The struggles that come with seeking validation from our parents is nothing unusual. Everyone wants their family’s approval but often it doesn’t look the way we want or isn’t to the degree we hope for. When we discuss our trials and tribulations, family doesn’t tend to hold back on offering advice unsolicited or not.
A common theme I hear amongst my peers is that their parents nag on them or constantly criticize their actions and decisions even when they aren’t childish choices. Big things like what you’re going to school for or the people you choose to spend your energy on tends to start sparks or some level of discomfort. I remember feeling my dad’s fingers dig into my shoulders when I moved away for college yet when he was my age he was traveling and working across the globe. Mind you, that’s without the incredibly accessible communication we have with technology today. How did my grandparents handle that if this is how my parents are?
I’m always so intrigued how my parents acted and the decisions they made when they were my age. This year I am the same age as my mother when my parents met. (Comparing your love life to your parents is hella daunting but that could be a completely separate blog post.) Observing my life where it stands now and imagining my parents and my grandparents living it fascinates me. What questions did they have about their self-worth, careers, spiritual ideas, and purpose?
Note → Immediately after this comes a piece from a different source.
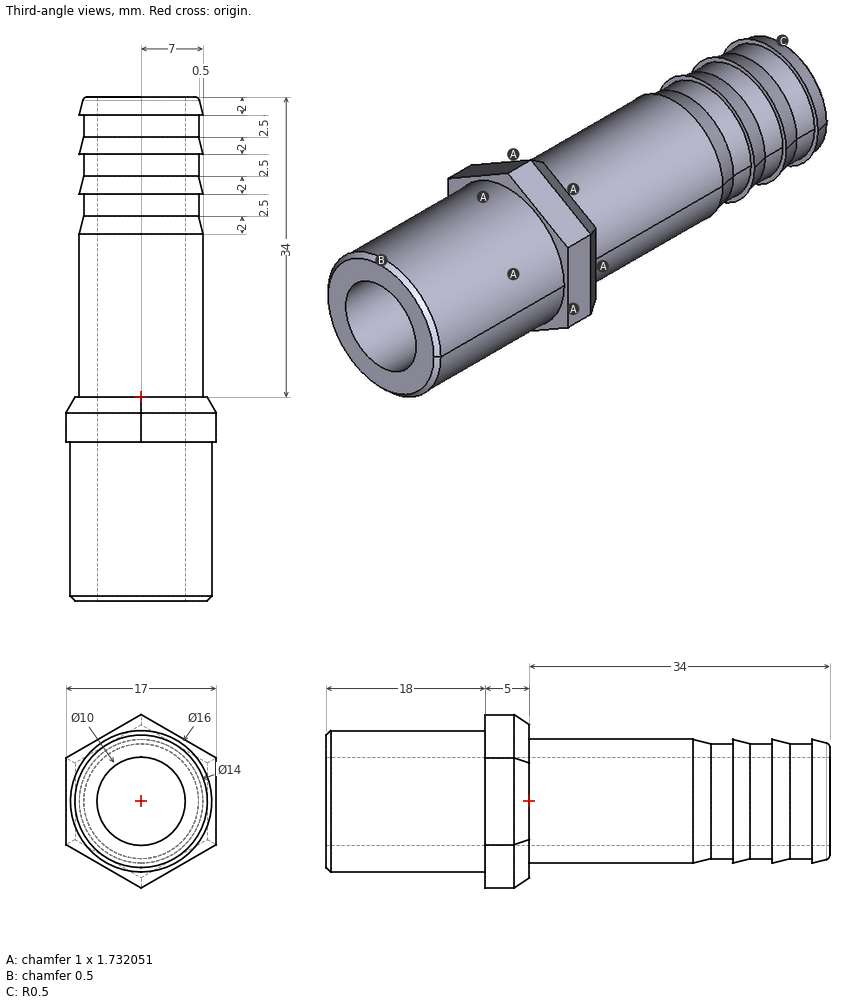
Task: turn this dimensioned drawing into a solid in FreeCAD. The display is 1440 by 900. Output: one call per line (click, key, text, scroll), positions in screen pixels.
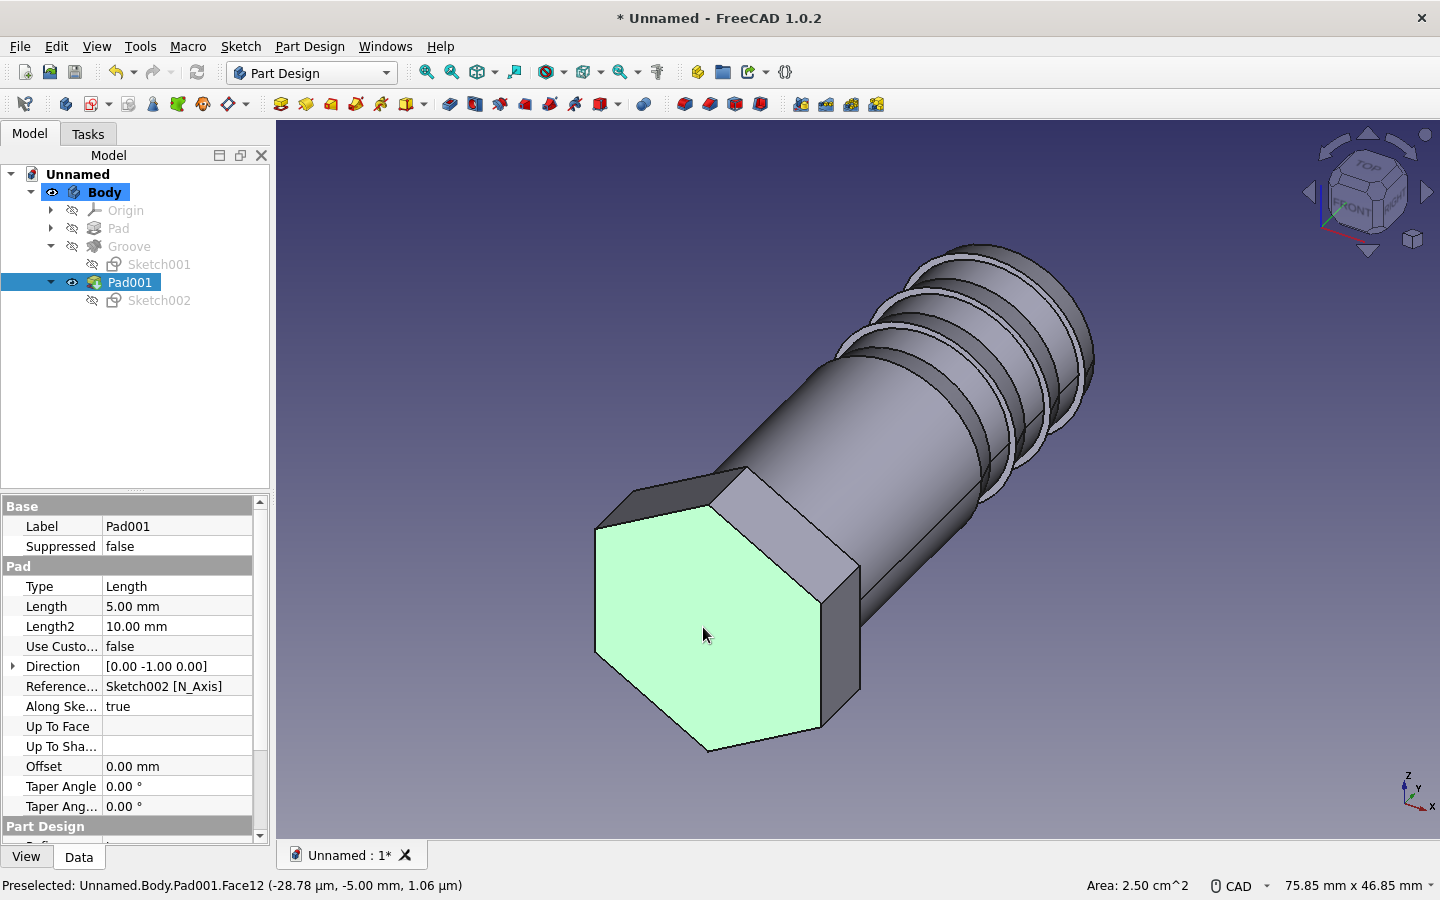
click(90, 104)

It’s important to remember that our parents were our age once and that they probably didn’t know what they were doing half the time either (even when we thought they did). There is something to be said about them having “gone through it” before. However, that doesn’t mean they know everything (even if they believe they do).
Both of my parents never finished college, started at the bottom of the professional food chain, and worked their way up a ladder to running their own businesses. My creative pursuits aren’t quite as straightforward. Promotions and raises are part of the performer life. Music, writing, and theatre are short temporary jobs that don’t necessarily grow bigger. One of my first professional acting jobs was at a regional theatre alongside two cast members with resumes covered in impressive Broadway credits. Yet there we were in a tiny town in Florida doing a show together. By no means am I degrading their work; my point is that this career doesn’t work like a ladder, it’s a pool of water that grows bigger the more you add to it.
Naturally I’ve had a difficult time discussing my industry with my family. When I decided to pursue acting in college they enthusiastically chimed “You’ll be a movie star!” and “Broadway, here she comes!” While I greatly appreciated their support, it didn’t have the effect they intended. My goals weren’t to be the next Emma Watson or Sutton Foster. My goal was to inspire people with theatre because of the experiences that had monumentally inspired me. Theatre makes the world a better place; I wanted to have a hand in that. “But you’d be rich! You could be a famous celebrity! We can brag to everybody that you’re our family!”
That piled on some expectations that, still to this day, I have a hard time shaking off. Am I avoiding the desire for fame because I doubt myself? I don’t think so… Will my failures disappoint them so instead I set lower goals? What’s wrong with me? Why don’t I want to be a star like everybody else?
How can we live our own life, achieve our parents’ approval, and yet still make our own individual decisions? If you know, send me the recipe! I only can offer a few of the ingredients…
Tell them nothing and everyone is in frustrated darkness. Tell them everything and their voices may overpower your own until you don’t recognize it anymore. There is a balance and it is different for every family and every individual. Many people can’t be their full selves around their family but that doesn’t mean they can’t be active in their life. It is different to share pieces of life and provide an invitation to comment on decisions in the making.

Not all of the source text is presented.